Besides predictive and discriminative accuracy, ease-of-use and result interpretability are keys to adoption and implementation. Although model complexity and ease-of-use are often seen as competing factors, we argue that they need not be trade-offs. Indeed, whilst the flexible modeling of predictors and the inclusion of spline terms may have complicated the underlying algorithm of the model-based PFP, this approach has removed the need for predictor cut-points which likely facilitates usage and feasibility.
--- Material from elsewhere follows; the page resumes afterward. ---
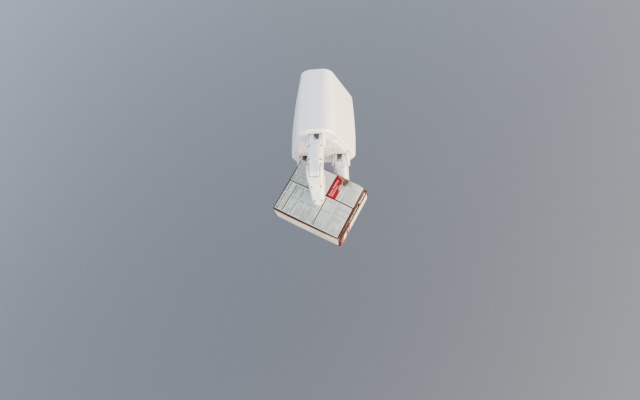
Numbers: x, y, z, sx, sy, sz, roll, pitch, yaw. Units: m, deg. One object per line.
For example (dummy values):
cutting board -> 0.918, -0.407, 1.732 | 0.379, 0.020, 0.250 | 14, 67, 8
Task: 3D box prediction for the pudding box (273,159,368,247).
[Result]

Furthermore, to promote ease-of-use, we have incorporated the model into an online calculator (https://sghpt.shinyapps.io/ippts_pfp/), and the approximated model equation can be found in Additional file 1: Appendix G. To facilitate results interpretability, we have used (i) a Bayesian modeling framework to generate continuous predicted FI scores and (ii) established FI cut-points to generate frailty classifications based on the predicted FI scores. Given this flexibility and depending on the context and purpose, the model-based PFP could potentially be used as a continuous variable for prediction and longitudinal tracking purposes or as a categorical variable for risk-stratification purposes. That said, we should clearly state that the model-based PFP was developed into an online calculator purely as a proof-of-concept and a thought-starter for encouraging similar validation work across the diverse populations and settings where both PFP and FI measures have already been collected. Hence, pending external validation, its use should be confined to research purposes at present.

Limitations

Our study has limitations. First, the model-based PFP was developed and validated in Asian older adults; hence, it may not directly apply to non-Asians. Nonetheless, our study should be rightly viewed as a proof-of-concept for the potential use of the model-based PFP, and we hope it will encourage similar work in other racial/ethnic groups. Second, our use of the FI as the reference standard may be criticized as it is not the gold standard frailty measure. In the absence of a gold standard, however, we believe the FI is a sensible choice because of (i) its continuous nature, (ii) its positive association with the count-based PFP [7, 42], and (iii) and its comparable—and if not often better—predictive performance than the count-based PFP [7, 17,18,19]. Third, we did not have follow-up clinical outcomes of 44% of the participants; however, included and excluded participants did not differ meaningfully in baseline characteristics and frailty status (Additional file 1: Appendix C). Whilst our analyses focused on the relative prognostic performance of the count-based and model-based PFP, it is unknown how the missing data would impact the results. Fourth, we validated the model-based PFP using approximate LOO cross-validation but this strategy could be criticized for not representing a true external validation procedure performed in samples geographically and temporally different from our development sample. Nonetheless, given the current study findings and existing knowledge about the limitations of predictor dichotomization, we expect the model-based PFP to have better predictive and classification performance than the count-based PFP in other settings.

Conclusions

In community-dwelling older adults, we developed and validated a model-based PFP which predicted adverse clinical outcomes and FI more strongly than did the count-based PFP. By not needing population-specific predictor cut-points, the model-based approach represents a potentially feasible and innovative method to compute the PFP. As many cohort studies have obtained both PFP and FI measures, it is our hope that this work could efficiently leverage on existing studies to further evaluate the model-based PFP. Future work should also aim to obtain clear evidence on the benefits of this model-based approach compared with the conventional count-based approach.